PH3255 - Physics for Instrumentation Engineering (Syllabus) 2021-regulation Anna University

PH3255 - Physics for Instrumentation Engineering (Syllabus) 2021-regulation Anna University

PH3255

PHYSICS FOR INSTRUMENTATION ENGINEERING

 LTPC

3003

OBJECTIVES:
• To make the students to understand the basics of electricity and magnetism and vectors.
• To understand the electrical properties of materials including free electron theory, applications of quantum mechanics and magnetic materials.
• To instil knowledge on physics of semiconductors, determination of charge carriers and device applications
• To establish a sound grasp of knowledge on different optical properties of materials, optical displays and applications
• To inculcate an idea of significance of nano structures, quantum confinement and ensuing nano device applications.

UNIT I

ELECTRICITY AND MAGNETISM

9

Coulomb’s law, electric field intensity, electric flux density, Gauss’ law, divergence, electric field and potential due to point, line, plane, and spherical charge distributions, effect of the dielectric medium, capacitance of simple configurations, Biot-Savart’s law, Ampere’s law, curl, Faraday’s law, Lorentz force, Inductance, Magneto motive force, reluctance, magnetic circuits, self and mutual inductance of simple configurations.

UNIT II

ELECTRICAL AND MAGNETIC PROPERTIES OF MATERIALS

9

Classical free electron theory - Expression for electrical conductivity – Thermal conductivity, expression - Quantum free electron theory :Tunneling – degenerate states – Fermi- Dirac statistics – Density of energy states – Electron in periodic potential – Energy bands in solids – tight binding approximation - Electron effective mass – concept of hole.
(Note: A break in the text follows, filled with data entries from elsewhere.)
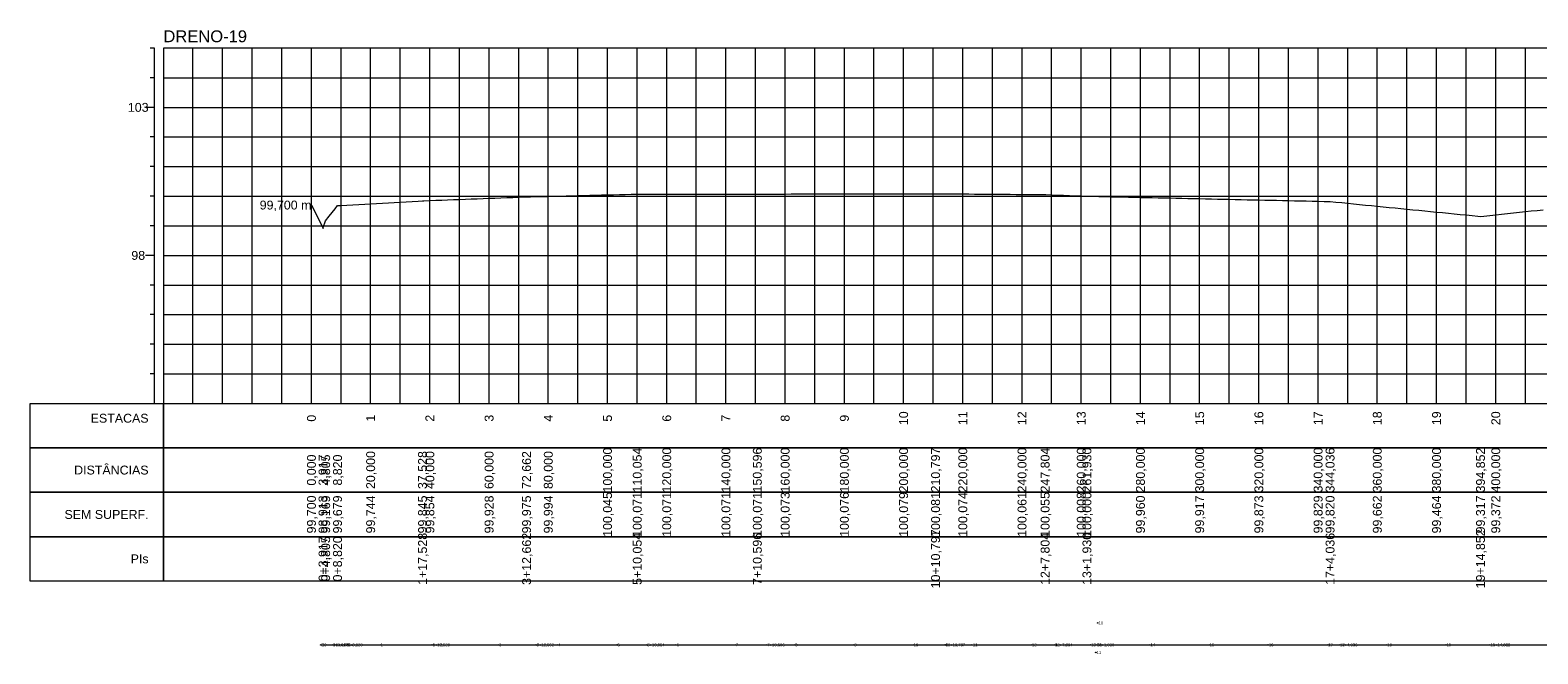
# Model space of a CAD drawing. Header units: inches. Extents: x 4640 to 5655, y 9997 to 10208.
# Tile 1 of 2: x 4640 to 5149, y 9997 to 10208. Entities that reach past the tile are written whole.
import ezdxf
from ezdxf.enums import TextEntityAlignment as Align

# ---------------------------------------------------------------- set-up
doc = ezdxf.new("R2010")
doc.units = ezdxf.units.IN
doc.header["$MEASUREMENT"] = 0
doc.header["$PDMODE"] = 33
doc.header["$PDSIZE"] = 0.2
doc.layers.get('0').update_dxf_attribs({"lineweight": 0})
doc.layers.add('EIXO', color=3, linetype='Continuous', lineweight=0)
doc.styles.add('$PF_GREIDE', font='arial.ttf')
doc.styles.add('$VIAS_TEXTOS_PERFIL0', font='arial.ttf')
doc.styles.get("Standard").update_dxf_attribs({"font": 'arial.ttf'})

msp = doc.modelspace()

# ---------------------------------------------------------------- linework, layer by layer
at = {"color": 30}
for p, q in [((4681.93, 10201.55), (4680.43, 10201.55)), ((4694.93, 10081.55), (4694.93, 10201.55)), ((4704.93, 10081.55), (4704.93, 10201.55)), ((4714.93, 10081.55), (4714.93, 10201.55)), ((4724.93, 10081.55), (4724.93, 10201.55)), ((4744.93, 10081.55), (4744.93, 10201.55)), ((4754.93, 10081.55), (4754.93, 10201.55)), ((4764.93, 10081.55), (4764.93, 10201.55)), ((4774.93, 10081.55), (4774.93, 10201.55)), ((4794.93, 10081.55), (4794.93, 10201.55)), ((4804.93, 10081.55), (4804.93, 10201.55)), ((4814.93, 10081.55), (4814.93, 10201.55)), ((4824.93, 10081.55), (4824.93, 10201.55)), ((4844.93, 10081.55), (4844.93, 10201.55)), ((4854.93, 10081.55), (4854.93, 10201.55)), ((4864.93, 10081.55), (4864.93, 10201.55)), ((4874.93, 10081.55), (4874.93, 10201.55)), ((4894.93, 10081.55), (4894.93, 10201.55)), ((4904.93, 10081.55), (4904.93, 10201.55)), ((4914.93, 10081.55), (4914.93, 10201.55)), ((4924.93, 10081.55), (4924.93, 10201.55)), ((4944.93, 10081.55), (4944.93, 10201.55)), ((4954.93, 10081.55), (4954.93, 10201.55)), ((4964.93, 10081.55), (4964.93, 10201.55)), ((4974.93, 10081.55), (4974.93, 10201.55)), ((4994.93, 10081.55), (4994.93, 10201.55)), ((5004.93, 10081.55), (5004.93, 10201.55)), ((5014.93, 10081.55), (5014.93, 10201.55)), ((5024.93, 10081.55), (5024.93, 10201.55)), ((5044.93, 10081.55), (5044.93, 10201.55)), ((5054.93, 10081.55), (5054.93, 10201.55)), ((5064.93, 10081.55), (5064.93, 10201.55)), ((5074.93, 10081.55), (5074.93, 10201.55)), ((5094.93, 10081.55), (5094.93, 10201.55)), ((5104.93, 10081.55), (5104.93, 10201.55)), ((5114.93, 10081.55), (5114.93, 10201.55)), ((5124.93, 10081.55), (5124.93, 10201.55)), ((5144.93, 10081.55), (5144.93, 10201.55)), ((4681.93, 10191.55), (4680.43, 10191.55)), ((4684.93, 10191.55), (5654.93, 10191.55)), ((4681.93, 10171.55), (4680.43, 10171.55)), ((4684.93, 10171.55), (5654.93, 10171.55)), ((4681.93, 10161.55), (4680.43, 10161.55)), ((4684.93, 10161.55), (5654.93, 10161.55)), ((4681.93, 10151.55), (4680.43, 10151.55)), ((4684.93, 10151.55), (5654.93, 10151.55)), ((4681.93, 10141.55), (4680.43, 10141.55)), ((4684.93, 10141.55), (5654.93, 10141.55)), ((4681.93, 10121.55), (4680.43, 10121.55)), ((4684.93, 10121.55), (5654.93, 10121.55)), ((4681.93, 10111.55), (4680.43, 10111.55)), ((4684.93, 10111.55), (5654.93, 10111.55)), ((4681.93, 10101.55), (4680.43, 10101.55)), ((4684.93, 10101.55), (5654.93, 10101.55)), ((4681.93, 10091.55), (4680.43, 10091.55)), ((4684.93, 10091.55), (5654.93, 10091.55))]:
    msp.add_line(p, q, dxfattribs=at)
at = {"color": 36}
for p, q in [((4681.93, 10081.55), (4681.93, 10201.55)), ((4734.93, 10081.55), (4734.93, 10201.55)), ((4784.93, 10081.55), (4784.93, 10201.55)), ((4834.93, 10081.55), (4834.93, 10201.55)), ((4884.93, 10081.55), (4884.93, 10201.55)), ((4934.93, 10081.55), (4934.93, 10201.55)), ((4984.93, 10081.55), (4984.93, 10201.55)), ((5034.93, 10081.55), (5034.93, 10201.55)), ((5084.93, 10081.55), (5084.93, 10201.55)), ((5134.93, 10081.55), (5134.93, 10201.55)), ((4681.93, 10181.55), (4678.93, 10181.55)), ((4684.93, 10181.55), (5654.93, 10181.55)), ((4681.93, 10131.55), (4678.93, 10131.55)), ((4684.93, 10131.55), (5654.93, 10131.55))]:
    msp.add_line(p, q, dxfattribs=at)
at = {"color": 36, "linetype": 'Continuous'}
for points in [[(4684.93, 10081.55), (5654.93, 10081.55), (5654.93, 10201.55), (4684.93, 10201.55)], [(4639.93, 10081.55), (4684.93, 10081.55), (4684.93, 10066.55), (4639.93, 10066.55)], [(4684.93, 10081.55), (5654.93, 10081.55), (5654.93, 10066.55), (4684.93, 10066.55)], [(4639.93, 10066.55), (4684.93, 10066.55), (4684.93, 10051.55), (4639.93, 10051.55)], [(4684.93, 10066.55), (5654.93, 10066.55), (5654.93, 10051.55), (4684.93, 10051.55)], [(4639.93, 10051.55), (4684.93, 10051.55), (4684.93, 10036.55), (4639.93, 10036.55)], [(4684.93, 10051.55), (5654.93, 10051.55), (5654.93, 10036.55), (4684.93, 10036.55)], [(4639.93, 10036.55), (4684.93, 10036.55), (4684.93, 10021.55), (4639.93, 10021.55)], [(4684.93, 10036.55), (5654.93, 10036.55), (5654.93, 10021.55), (4684.93, 10021.55)]]:
    msp.add_lwpolyline(points, close=True, dxfattribs=at)
at = {"color": 5, "linetype": 'Continuous'}
msp.add_lwpolyline([(4734.93, 10148.55), (4736.93, 10144.54), (4738.85, 10140.68), (4738.93, 10140.92), (4739.73, 10143.24), (4740.93, 10144.76), (4742.93, 10147.31), (4743.75, 10148.35), (4744.93, 10148.42), (4746.93, 10148.53), (4748.93, 10148.65), (4750.93, 10148.76), (4752.93, 10148.88), (4754.93, 10148.99), (4756.93, 10149.11), (4758.93, 10149.23), (4760.93, 10149.34), (4762.93, 10149.46), (4764.93, 10149.57), (4766.93, 10149.69), (4768.93, 10149.8), (4770.93, 10149.92), (4772.46, 10150.01), (4772.93, 10150.03), (4774.93, 10150.1), (4776.93, 10150.17), (4778.93, 10150.25), (4780.93, 10150.32), (4782.93, 10150.39), (4784.93, 10150.47), (4786.93, 10150.54), (4788.93, 10150.62), (4790.93, 10150.69), (4792.93, 10150.76), (4794.93, 10150.84), (4796.93, 10150.91), (4798.93, 10150.99), (4800.93, 10151.06), (4802.93, 10151.13), (4804.93, 10151.21), (4806.93, 10151.28), (4807.59, 10151.31), (4808.93, 10151.34), (4810.93, 10151.39), (4812.93, 10151.44), (4814.93, 10151.49), (4816.93, 10151.54), (4818.93, 10151.6), (4820.93, 10151.65), (4822.93, 10151.7), (4824.93, 10151.75), (4826.93, 10151.8), (4828.93, 10151.85), (4830.93, 10151.9), (4832.93, 10151.95), (4834.93, 10152.01), (4836.93, 10152.06), (4838.93, 10152.11), (4840.93, 10152.16), (4842.93, 10152.21), (4844.93, 10152.26), (4844.98, 10152.26), (4846.93, 10152.26), (4848.93, 10152.26), (4850.93, 10152.26), (4852.93, 10152.26), (4854.93, 10152.26), (4856.93, 10152.26), (4858.93, 10152.26), (4860.93, 10152.26), (4862.93, 10152.26), (4864.93, 10152.26), (4866.93, 10152.27), (4868.93, 10152.27), (4870.93, 10152.27), (4872.93, 10152.27), (4874.93, 10152.27), (4876.93, 10152.27), (4878.93, 10152.27), (4880.93, 10152.27), (4882.93, 10152.27), (4884.93, 10152.27), (4885.53, 10152.27), (4886.93, 10152.27), (4888.93, 10152.27), (4890.93, 10152.28), (4892.93, 10152.28), (4894.93, 10152.28), (4896.93, 10152.29), (4898.93, 10152.29), (4900.93, 10152.29), (4902.93, 10152.3), (4904.93, 10152.3), (4906.93, 10152.3), (4908.93, 10152.3), (4910.93, 10152.31), (4912.93, 10152.31), (4914.93, 10152.31), (4916.93, 10152.32), (4918.93, 10152.32), (4920.93, 10152.32), (4922.93, 10152.33), (4924.93, 10152.33), (4926.93, 10152.33), (4928.93, 10152.34), (4930.93, 10152.34), (4932.93, 10152.34), (4934.93, 10152.35), (4936.93, 10152.35), (4938.93, 10152.35), (4940.93, 10152.36), (4942.93, 10152.36), (4944.93, 10152.36), (4945.73, 10152.36), (4946.93, 10152.36), (4948.93, 10152.34), (4950.93, 10152.33), (4952.93, 10152.31), (4954.93, 10152.3), (4956.93, 10152.29), (4958.93, 10152.27), (4960.93, 10152.26), (4962.93, 10152.24), (4964.93, 10152.23), (4966.93, 10152.22), (4968.93, 10152.2), (4970.93, 10152.19), (4972.93, 10152.17), (4974.93, 10152.16), (4976.93, 10152.15), (4978.93, 10152.13), (4980.93, 10152.12), (4982.73, 10152.11), (4982.93, 10152.1), (4984.93, 10152.02), (4986.93, 10151.94), (4988.93, 10151.86), (4990.93, 10151.79), (4992.93, 10151.71), (4994.93, 10151.63), (4996.86, 10151.55), (4996.93, 10151.55), (4998.93, 10151.51), (5000.93, 10151.47), (5002.93, 10151.42), (5004.93, 10151.38), (5006.93, 10151.33), (5008.93, 10151.29), (5010.93, 10151.25), (5012.93, 10151.2), (5014.93, 10151.16), (5016.93, 10151.12), (5018.93, 10151.07), (5020.93, 10151.03), (5022.93, 10150.98), (5024.93, 10150.94), (5026.93, 10150.9), (5028.93, 10150.85), (5030.93, 10150.81), (5032.93, 10150.76), (5034.93, 10150.72), (5036.93, 10150.68), (5038.93, 10150.63), (5040.93, 10150.59), (5042.93, 10150.55), (5044.93, 10150.5), (5046.93, 10150.46), (5048.93, 10150.41), (5050.93, 10150.37), (5052.93, 10150.33), (5054.93, 10150.28), (5056.93, 10150.24), (5058.93, 10150.19), (5060.93, 10150.15), (5062.93, 10150.11), (5064.93, 10150.06), (5066.93, 10150.02), (5068.93, 10149.98), (5070.93, 10149.93), (5072.93, 10149.89), (5074.93, 10149.84), (5076.93, 10149.8), (5078.93, 10149.76), (5078.97, 10149.76), (5080.93, 10149.56), (5082.93, 10149.36), (5084.93, 10149.16), (5086.93, 10148.97), (5088.93, 10148.77), (5090.93, 10148.57), (5092.93, 10148.37), (5094.93, 10148.17), (5096.93, 10147.98), (5098.93, 10147.78), (5100.93, 10147.58), (5102.93, 10147.38), (5104.93, 10147.18), (5106.93, 10146.99), (5108.93, 10146.79), (5110.93, 10146.59), (5112.93, 10146.39), (5114.93, 10146.19), (5116.93, 10146), (5118.93, 10145.8), (5120.93, 10145.6), (5122.93, 10145.4), (5124.93, 10145.2), (5126.93, 10145.01), (5128.93, 10144.81), (5129.78, 10144.72), (5130.93, 10144.85), (5132.93, 10145.06), (5134.93, 10145.27), (5136.93, 10145.48), (5138.93, 10145.7), (5140.93, 10145.91), (5142.93, 10146.12), (5144.93, 10146.34), (5146.93, 10146.55), (5148.93, 10146.76), (5150.93, 10146.97)], dxfattribs=at)
at = {"layer": 'EIXO', "lineweight": 0}
msp.add_lwpolyline([(4738.07, 10000), (4741.99, 10000), (4742.88, 10000), (4746.89, 10000), (4775.6, 10000), (4810.73, 10000), (4848.12, 10000), (4888.67, 10000), (4948.87, 10000), (4985.87, 10000), (5000, 10000), (5082.11, 10000), (5132.92, 10000), (5181.24, 10000), (5228, 10000), (5299.35, 10000), (5386.31, 10000), (5431.75, 10000), (5474.06, 10000), (5517.47, 10000), (5557.83, 10000), (5606.04, 10000)], dxfattribs=at)
for p in [(5000.52, 10007.41), (4738.07, 10000), (4738.07, 10000), (4741.99, 10000), (4741.99, 10000), (4742.88, 10000), (4742.88, 10000), (4746.89, 10000), (4746.89, 10000), (4758.07, 10000), (4775.6, 10000), (4775.6, 10000), (4778.07, 10000), (4798.07, 10000), (4810.73, 10000), (4810.73, 10000), (4818.07, 10000), (4838.07, 10000), (4848.12, 10000), (4848.12, 10000), (4858.07, 10000), (4878.07, 10000), (4888.67, 10000), (4888.67, 10000), (4898.07, 10000), (4918.07, 10000), (4938.07, 10000), (4948.87, 10000), (4948.87, 10000), (4958.07, 10000), (4978.07, 10000), (4985.87, 10000), (4985.87, 10000), (4998.07, 10000), (4999.86, 9997.47), (5000, 10000), (5000, 10000), (5018.07, 10000), (5038.07, 10000), (5058.07, 10000), (5078.07, 10000), (5082.11, 10000), (5082.11, 10000), (5098.07, 10000), (5118.07, 10000), (5132.92, 10000), (5132.92, 10000), (5138.07, 10000)]:
    msp.add_point(p, dxfattribs=at)

# ---------------------------------------------------------------- texts
at = {"color": 7, "linetype": 'Continuous', "style": '$VIAS_TEXTOS_PERFIL0'}
msp.add_text('DRENO-19', height=4, dxfattribs=at).set_placement((4684.93, 10203.55))
at = {"color": 36, "linetype": 'Continuous', "style": '$PF_GREIDE'}
for s, p in [('103', (4676.43, 10181.55)), ('98', (4676.43, 10131.55))]:
    msp.add_text(s, height=3, dxfattribs=at).set_placement(p, align=Align.MIDDLE_CENTER)
at = {"color": 7, "linetype": 'Continuous', "style": '$PF_GREIDE'}
for s, p in [('99,700 m', (4734.93, 10148.55)), ('ESTACAS', (4679.93, 10076.55)), ('DISTÂNCIAS', (4679.93, 10059.05)), ('SEM SUPERF.', (4679.93, 10044.05)), ('PIs', (4679.93, 10029.05))]:
    msp.add_text(s, height=3, dxfattribs=at).set_placement(p, align=Align.MIDDLE_RIGHT)
for s, p in [('4', (4814.93, 10076.55)), ('10', (4934.93, 10076.55)), ('11', (4954.93, 10076.55)), ('12', (4974.93, 10076.55)), ('13', (4994.93, 10076.55)), ('14', (5014.93, 10076.55)), ('15', (5034.93, 10076.55)), ('16', (5054.93, 10076.55)), ('17', (5074.93, 10076.55)), ('18', (5094.93, 10076.55)), ('19', (5114.93, 10076.55)), ('20', (5134.93, 10076.55)), ('0', (4734.93, 10076.55)), ('1', (4754.93, 10076.55)), ('2', (4774.93, 10076.55)), ('3', (4794.93, 10076.55)), ('5', (4834.93, 10076.55)), ('6', (4854.93, 10076.55)), ('7', (4874.93, 10076.55)), ('8', (4894.93, 10076.55)), ('9', (4914.93, 10076.55)), ('0,000', (4734.93, 10059.05)), ('3,917', (4738.85, 10059.05)), ('4,805', (4739.73, 10059.05)), ('8,820', (4743.75, 10059.05)), ('20,000', (4754.93, 10059.05)), ('37,528', (4772.46, 10059.05)), ('40,000', (4774.93, 10059.05)), ('60,000', (4794.93, 10059.05)), ('72,662', (4807.59, 10059.05)), ('80,000', (4814.93, 10059.05)), ('100,000', (4834.93, 10059.05)), ('110,054', (4844.98, 10059.05)), ('120,000', (4854.93, 10059.05)), ('140,000', (4874.93, 10059.05)), ('150,596', (4885.53, 10059.05)), ('160,000', (4894.93, 10059.05)), ('180,000', (4914.93, 10059.05)), ('200,000', (4934.93, 10059.05)), ('210,797', (4945.73, 10059.05)), ('220,000', (4954.93, 10059.05)), ('240,000', (4974.93, 10059.05)), ('247,804', (4982.73, 10059.05)), ('260,000', (4994.93, 10059.05)), ('261,930', (4996.86, 10059.05)), ('280,000', (5014.93, 10059.05)), ('300,000', (5034.93, 10059.05)), ('320,000', (5054.93, 10059.05)), ('340,000', (5074.93, 10059.05)), ('344,036', (5078.97, 10059.05)), ('360,000', (5094.93, 10059.05)), ('380,000', (5114.93, 10059.05)), ('394,852', (5129.78, 10059.05)), ('400,000', (5134.93, 10059.05)), ('99,700', (4734.93, 10044.05)), ('98,913', (4738.85, 10044.05)), ('99,169', (4739.73, 10044.05)), ('99,679', (4743.75, 10044.05)), ('99,744', (4754.93, 10044.05)), ('99,845', (4772.46, 10044.05)), ('99,854', (4774.93, 10044.05)), ('99,928', (4794.93, 10044.05)), ('99,975', (4807.59, 10044.05)), ('99,994', (4814.93, 10044.05)), ('100,045', (4834.93, 10044.05)), ('100,071', (4844.98, 10044.05)), ('100,071', (4854.93, 10044.05)), ('100,071', (4874.93, 10044.05)), ('100,071', (4885.53, 10044.05)), ('100,073', (4894.93, 10044.05)), ('100,076', (4914.93, 10044.05)), ('100,079', (4934.93, 10044.05)), ('100,081', (4945.73, 10044.05)), ('100,074', (4954.93, 10044.05)), ('100,061', (4974.93, 10044.05)), ('100,055', (4982.73, 10044.05)), ('100,008', (4994.93, 10044.05)), ('100,000', (4996.86, 10044.05)), ('99,960', (5014.93, 10044.05)), ('99,917', (5034.93, 10044.05)), ('99,873', (5054.93, 10044.05)), ('99,829', (5074.93, 10044.05)), ('99,820', (5078.97, 10044.05)), ('99,662', (5094.93, 10044.05)), ('99,464', (5114.93, 10044.05)), ('99,317', (5129.78, 10044.05)), ('99,372', (5134.93, 10044.05)), ('1+17,528', (4772.46, 10029.05)), ('3+12,662', (4807.59, 10029.05)), ('5+10,054', (4844.98, 10029.05)), ('7+10,596', (4885.53, 10029.05)), ('10+10,797', (4945.73, 10029.05)), ('12+7,804', (4982.73, 10029.05)), ('13+1,930', (4996.86, 10029.05)), ('17+4,036', (5078.97, 10029.05)), ('19+14,852', (5129.78, 10029.05)), ('0+3,917', (4738.85, 10029.05)), ('0+4,805', (4739.73, 10029.05)), ('0+8,820', (4743.75, 10029.05))]:
    msp.add_text(s, height=3, rotation=90, dxfattribs=at).set_placement(p, align=Align.MIDDLE_CENTER)
at = {"layer": 'EIXO', "lineweight": 0}
for s, p in [('10', (5000.76, 10007.41)), ('0', (4738.31, 10000)), ('E0', (4738.31, 10000)), ('0+3,917', (4742.23, 10000)), ('1', (4742.23, 10000)), ('2', (4743.12, 10000)), ('0+4,805', (4743.12, 10000)), ('3', (4747.13, 10000)), ('0+8,820', (4747.13, 10000)), ('1', (4758.31, 10000)), ('4', (4775.84, 10000)), ('1+17,528', (4775.84, 10000)), ('2', (4778.31, 10000)), ('3', (4798.31, 10000)), ('3+12,662', (4810.97, 10000)), ('5', (4810.97, 10000)), ('4', (4818.31, 10000)), ('5', (4838.31, 10000)), ('5+10,054', (4848.36, 10000)), ('6', (4848.36, 10000)), ('6', (4858.31, 10000)), ('7', (4878.31, 10000)), ('7+10,596', (4888.91, 10000)), ('7', (4888.91, 10000)), ('8', (4898.31, 10000)), ('9', (4918.31, 10000)), ('10', (4938.31, 10000)), ('8', (4949.11, 10000)), ('10+10,797', (4949.11, 10000)), ('11', (4958.31, 10000)), ('12', (4978.31, 10000)), ('9', (4986.11, 10000)), ('12+7,804', (4986.11, 10000)), ('13', (4998.31, 10000)), ('11', (5000.1, 9997.47)), ('13+1,930', (5000.24, 10000)), ('P1', (5000.24, 10000)), ('14', (5018.31, 10000)), ('15', (5038.31, 10000)), ('16', (5058.31, 10000)), ('17', (5078.31, 10000)), ('12', (5082.35, 10000)), ('17+4,036', (5082.35, 10000)), ('18', (5098.31, 10000)), ('19', (5118.31, 10000)), ('13', (5133.16, 10000)), ('19+14,852', (5133.16, 10000)), ('20', (5138.31, 10000))]:
    msp.add_text(s, height=1, dxfattribs=at).set_placement(p, align=Align.MIDDLE_LEFT)

doc.saveas('drawing.dxf')

Magnetic materials: Dia, para and ferromagnetic effects – paramagnetism in the conduction electrons in metals – exchange interaction and ferromagnetism – quantum interference devices – GMR devices.


UNIT III

SEMICONDUCTORS AND TRANSPORT PHYSICS

9

Intrinsic Semiconductors – Energy band diagram – direct and indirect band gap semiconductors – Carrier concentration in intrinsic semiconductors – extrinsic semiconductors - Carrier concentration in N-type & P-type semiconductors – Variation of carrier concentration with temperature – Carrier transport in Semiconductors: Drift, mobility and diffusion – Hall effect and devices – Ohmic contacts – Schottky diode.

UNIT IV

OPTICAL PROPERTIES OF MATERIALS

9

Classification of optical materials – Optical processes in semiconductors: optical absorption and emission, charge injection and recombination, optical absorption, loss and gain. Optical processes in quantum wells – Optoelectronic devices: light detectors and solar cells – light emitting diode – laser diode - optical processes in organic semiconductor devices –excitonic state – Electro-optics and nonlinear optics: Modulators and switching devices – plasmonics.

UNIT V

NANODEVICES AND QUANTUM COMPUTING

9

Introduction - quantum confinement – quantum structures: quantum wells, wires and dots –– band gap of nanomaterials. Tunneling – Single electron phenomena: Coulomb blockade - resonant- tunneling diode – single electron transistor – quantum cellular automata - Quantum system for information processing - quantum states – classical bits – quantum bits or qubits –CNOT gate - multiple qubits – Bloch sphere – quantum gates – advantage of quantum computing over classical computing.

TOTAL : 45 PERIODS

OUTCOMES: At the end of the course, the students should be able to
• know basics of electricity and magnetism and the influence of vectors in EMT.
• gain knowledge on the electrical and magnetic properties of materials and their applications
• understand clearly of semiconductor physics and functioning of semiconductor devices
• understand the optical properties of materials and working principles of various optical devices
• appreciate the importance of nanotechnology and nanodevices.

TEXT BOOKS:
1. S.O. Kasap. Principles of Electronic Materials and Devices, McGraw Hill Education (Indian Edition), 2020.
2. R.F.Pierret. Semiconductor Device Fundamentals. Pearson (Indian Edition), 2006.
3. G.W.Hanson. Fundamentals of Nanoelectronics. Pearson Education (Indian Edition), 2009.

REFERENCES:
1. Matthew N. O. Sadiku, Principles of Electromagnetics, Oxford Univ.Press 2015.
2. Jasprit Singh, Semiconductor Optoelectronics: Physics and Technology, McGraw- Hill Education (Indian Edition), 2019.
3. Charles Kittel, Introduction to Solid State Physics, Wiley India Edition, 2019.
4. Mark Fox, Optical Properties of Solids, Oxford Univ.Press, 2001.
5. Parag K. Lala, Quantum Computing: A Beginner's Introduction, McGraw-Hill Education (Indian Edition), 2020.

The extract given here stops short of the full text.